> _Goal of the exercise_:
Copy nothing but the lines below running from the line containing "You are a GUI" through the line containing "The height and", both end lines included.

> _Materials provided_:
——

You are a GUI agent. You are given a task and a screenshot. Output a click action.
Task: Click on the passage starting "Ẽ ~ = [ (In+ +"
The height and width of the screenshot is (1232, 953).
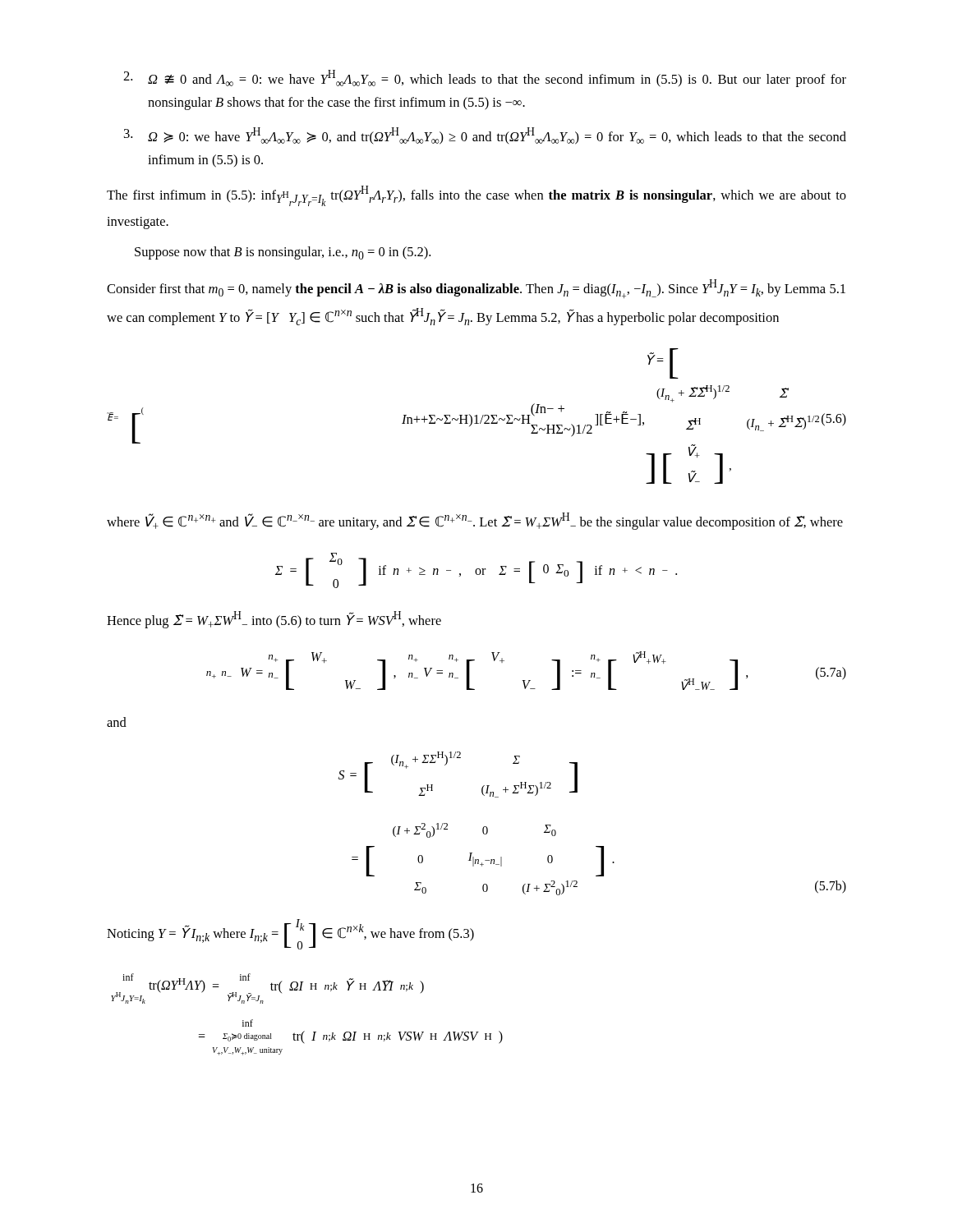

——

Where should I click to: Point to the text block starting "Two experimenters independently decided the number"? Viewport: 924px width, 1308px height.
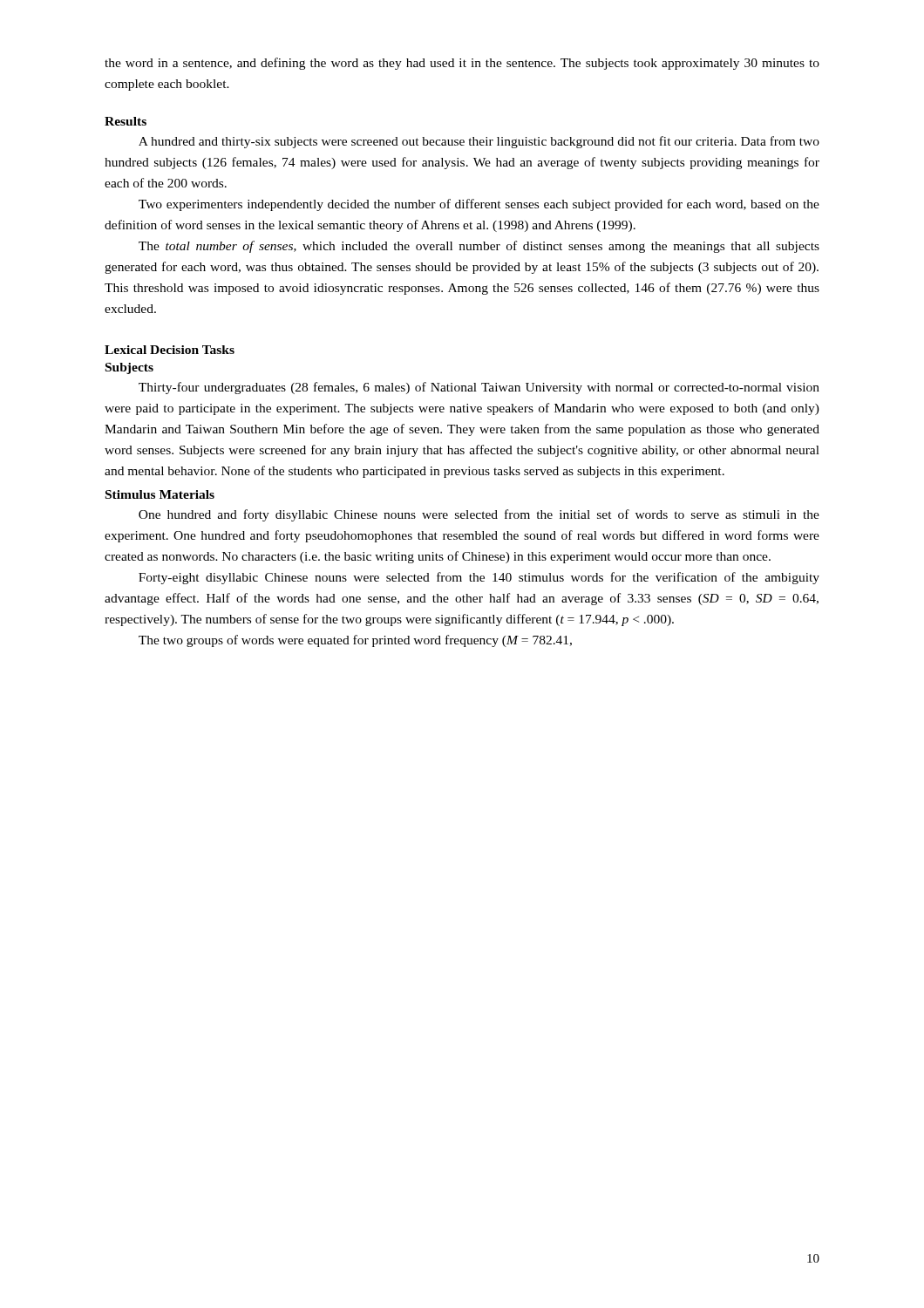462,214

——

> _Exercise result_:
You are a GUI agent. You are given a task and a screenshot. Output a click action.
Task: Click on the passage starting "Ẽ ~ = [ (In+ +"
The height and width of the screenshot is (1232, 953).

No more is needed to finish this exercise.